Alexi Worth is a representational painter who is also known for writing about art. His approach to painting, dubbed “Realism with Benefits,” by Roberta Smith of The New York Times, is based entirely on freehand drawing, though it sometimes resembles cartooning or photography. In the early 2000’s, Worth wrote widely for magazines such as The New Yorker, Artforum, and Art in America, on subjects ranging from El Anatsui and Yayoi Kusama to Carroll Dunham and Jackie Saccoccio. Worth has taught at various MFA programs, including Yale, UPenn, and Pratt. He lives in Brooklyn with his wife, the architect Erika Belsey, and their two sons. 
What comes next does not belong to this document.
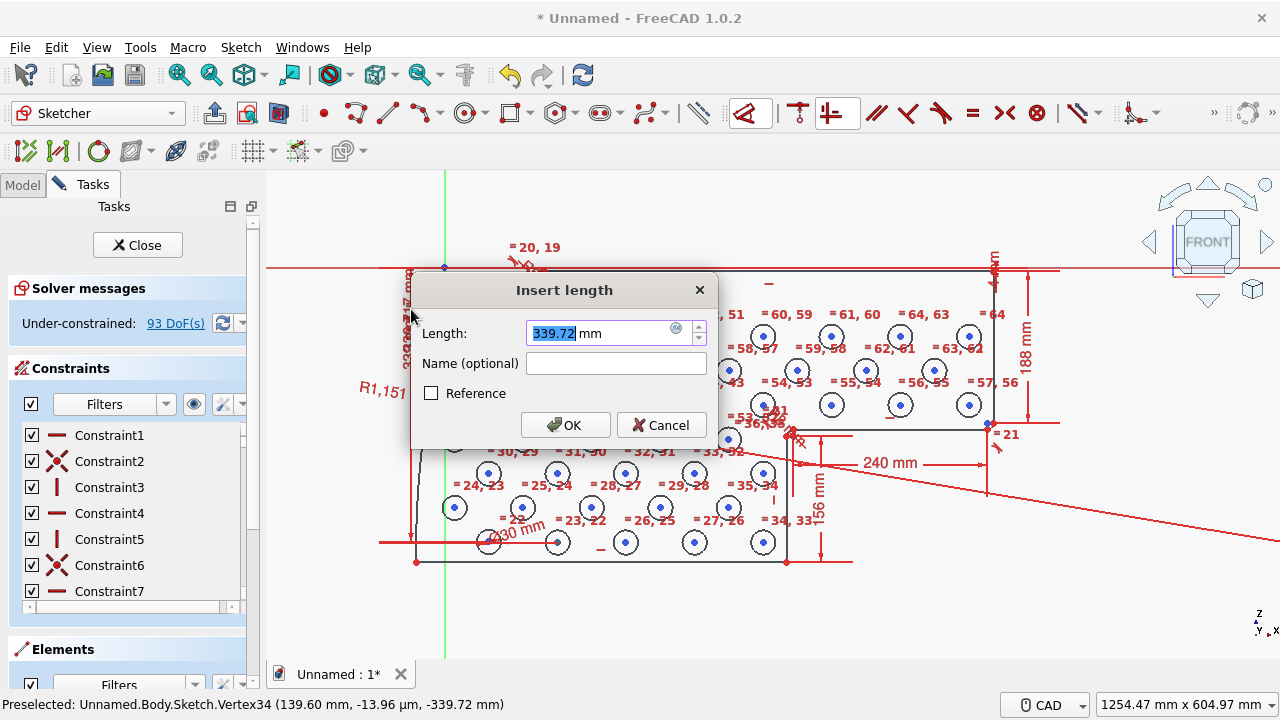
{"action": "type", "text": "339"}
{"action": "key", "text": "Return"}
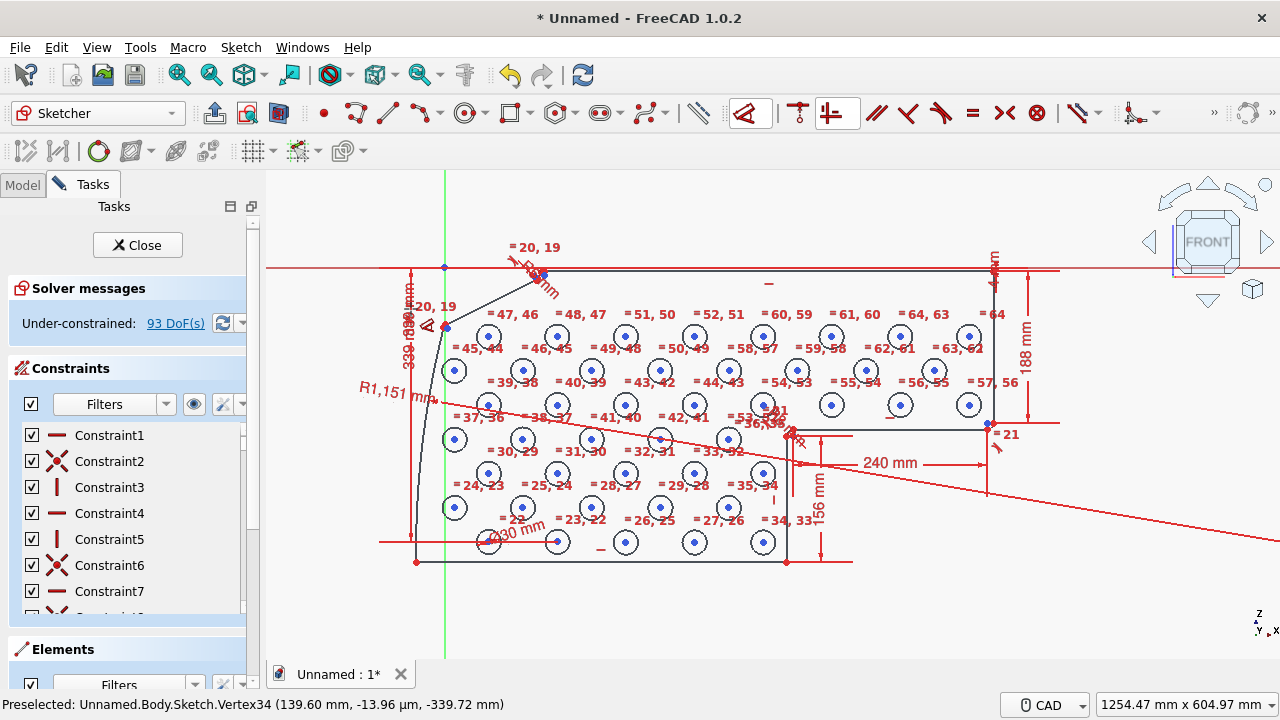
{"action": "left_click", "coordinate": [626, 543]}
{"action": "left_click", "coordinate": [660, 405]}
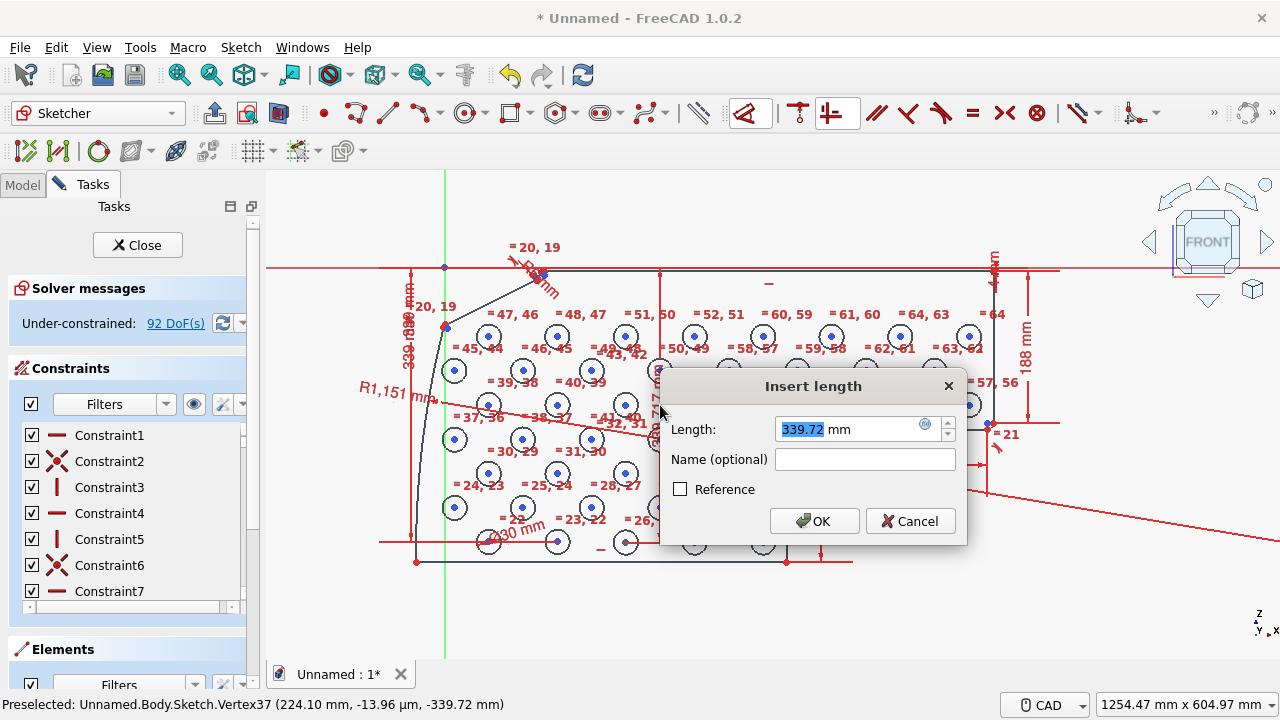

On the occasion of his being named a 2009 Guggenheim Fellow, asked to make a statement about his work, Worth wrote: 

"Victoria’s Secret did a fashion shoot in my neighborhood recently. A crowd gathered, and a forest of single arms rose up, each holding a cell phone. Only one person present--the supermodel-- was NOT a photographer. Twenty years ago, we thought the camera was already ubiquitous. But in fact, we’re living through a new photographic immersion, akin to the first one of the 1850s. For painting, what does this re-immersion mean? More reasons for pessimism of course. More reasons to indulge our favorite fatalist fantasy, that we are living in painting’s dusk, a last twilit hour. What could be more motivating than that?"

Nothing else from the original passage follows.